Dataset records
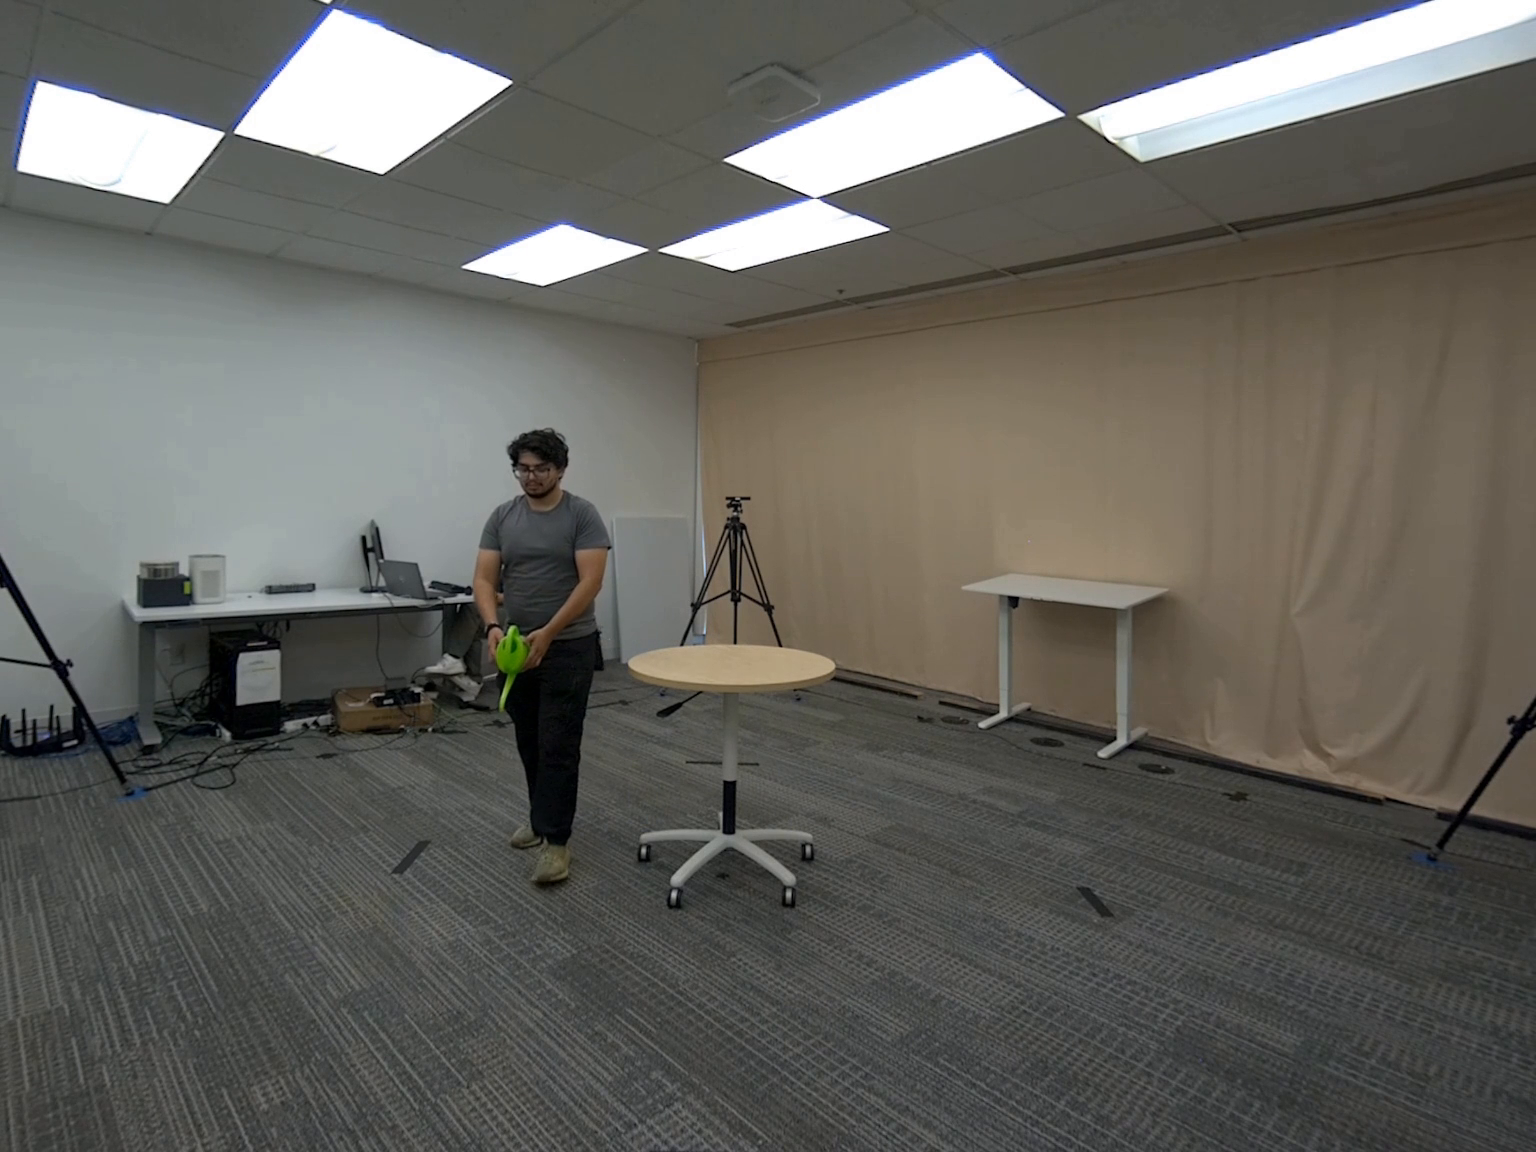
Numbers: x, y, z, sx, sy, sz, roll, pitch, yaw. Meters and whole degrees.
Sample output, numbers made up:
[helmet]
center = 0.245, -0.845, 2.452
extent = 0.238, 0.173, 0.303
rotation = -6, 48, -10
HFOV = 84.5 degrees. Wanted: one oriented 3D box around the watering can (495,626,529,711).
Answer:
[watering can]
center = -0.910, 0.314, 2.891
extent = 0.098, 0.279, 0.176
rotation = 16, -8, -1
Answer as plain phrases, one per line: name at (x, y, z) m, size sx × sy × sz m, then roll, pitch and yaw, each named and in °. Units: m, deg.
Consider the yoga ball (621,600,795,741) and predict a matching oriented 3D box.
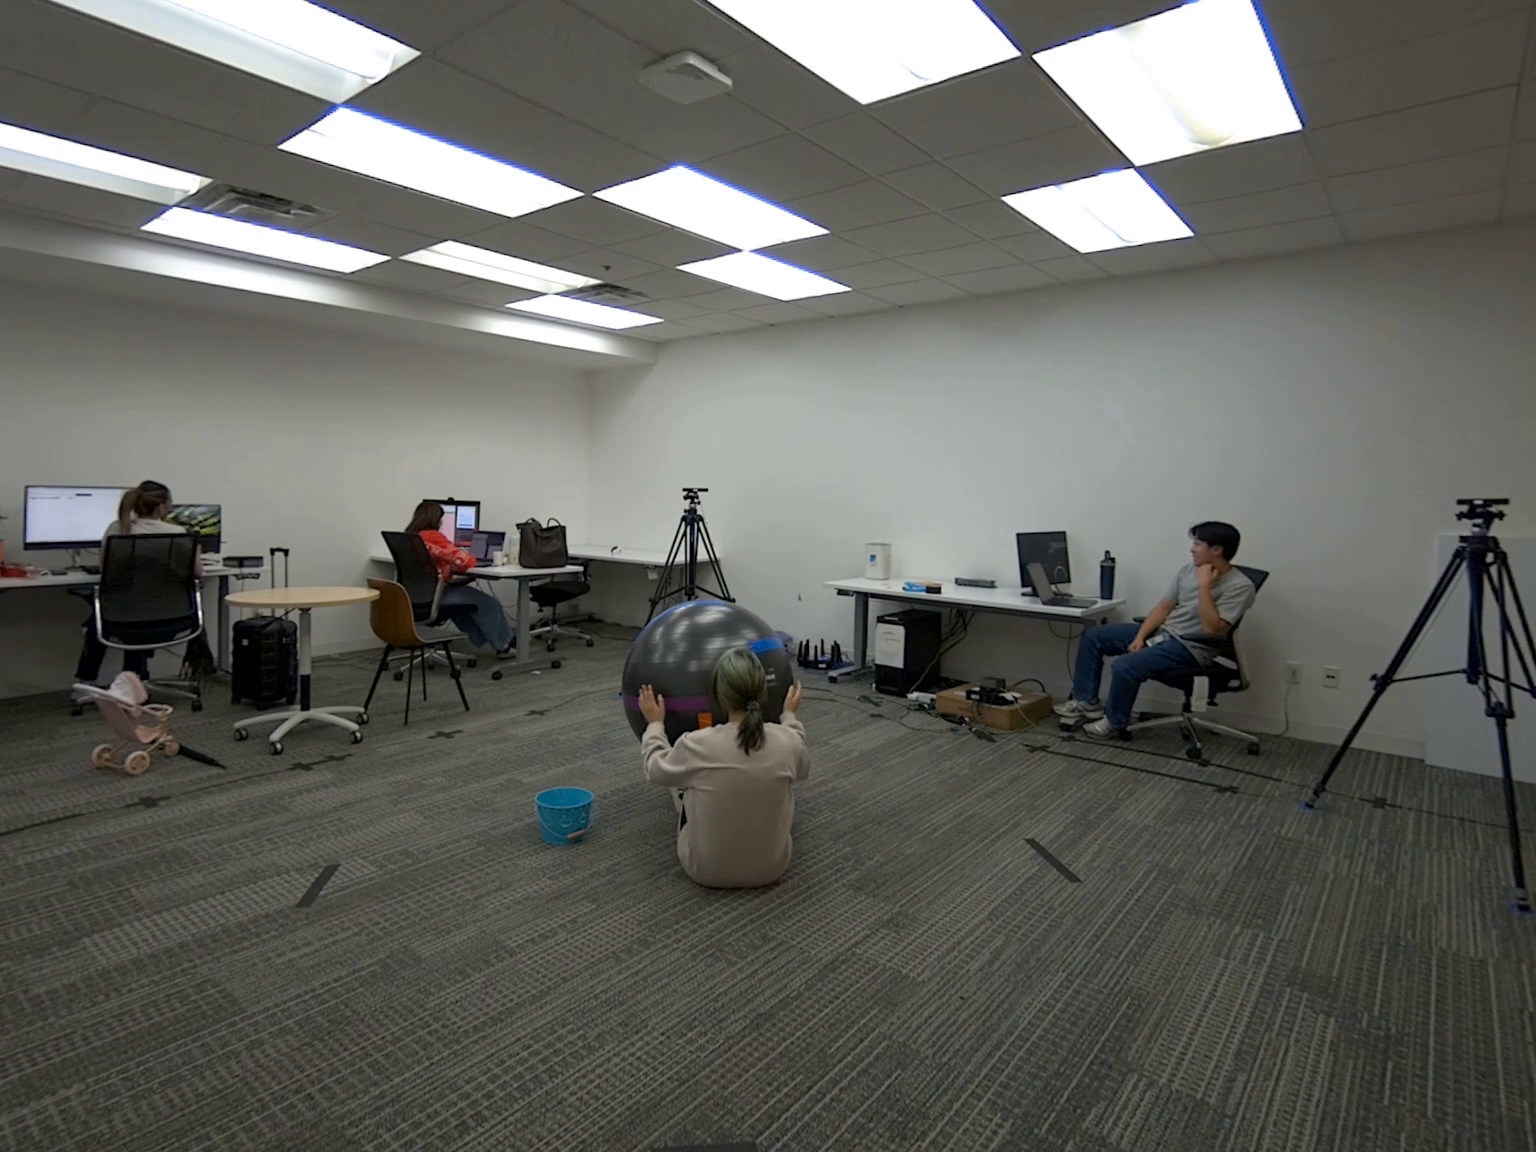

> _Exercise instructions_: In the entries above, count every line containing the word "degrees". Write only the total.

> _Your solution_: 2